Edge case: a single distinct symbol
"aaaa" has no branching tree — the one leaf is the root. Naively its code is the empty string, so encoding produces zero bits and can't be decoded. The fix: assign code "0" when there's only one symbol.
if root.leaf {
codes[root.sym] = "0" // single symbol → 1-bit code
return codes
}
func TestSingleSymbol(t *testing.T) {
codes := BuildCodes(Frequencies("aaaa"))
if codes['a'] != "0" { t.Error(...) } // and "aaaa" -> "0000" -> "aaaa"
}
Reporting the ratio
Analyze compares "original bytes × 8" to the Huffman bit count:
$ huff --table "mississippi"
symbols: 4
original: 88 bits (11 bytes x 8)
huffman: 21 bits
ratio: 0.239
space saved: 76.1%
mississippi is skewed (i and s appear 4× each), so it compresses 76%. The more skewed the distribution (lower entropy), the better Huffman does.
Architecture
huffman/huffman.go — tree build (heap), code assignment, encode/decode, stats
main.go — CLI: stats, --table, --bits, stdin
Zero external dependencies. Built with golang:1.23-alpine → alpine runtime, non-root. Passes go test -race.
Run it
go test ./... -race
go run . --table "mississippi"
docker build -t huff . && docker run --rm huff --table "abracadabra"
Takeaways
- Huffman codes are prefix-free, so the bit stream decodes uniquely with no separators.

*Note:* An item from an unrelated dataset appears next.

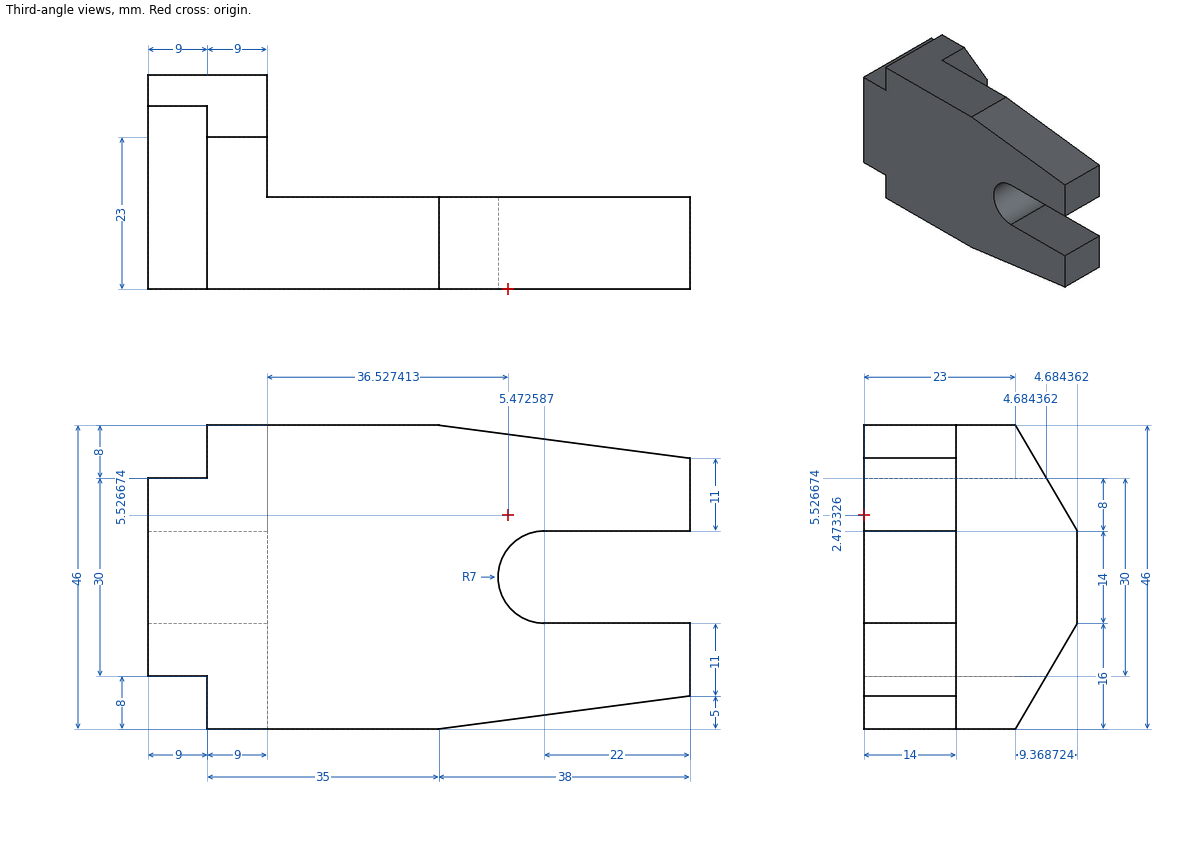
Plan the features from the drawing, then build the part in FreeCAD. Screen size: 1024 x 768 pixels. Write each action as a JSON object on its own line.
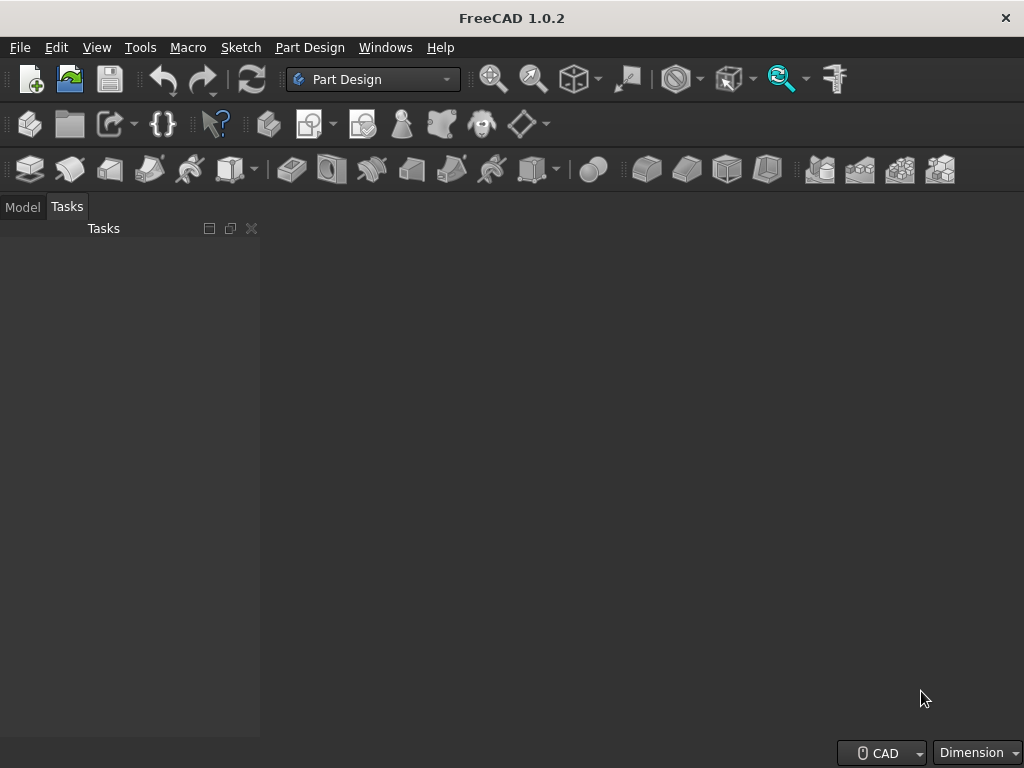
{"action": "left_click", "coordinate": [30, 80]}

- Construction is a greedy "merge the two rarest nodes" loop — that's what minimizes average code length.
- Guard correctness with properties: prefix-free, frequent ⇒ shorter, round-trip, determinism.
- Break heap ties on insertion order for a deterministic table.
- A single symbol needs a
"0"special case — an empty code can't be decoded. - Count frequencies per rune and Unicode just works.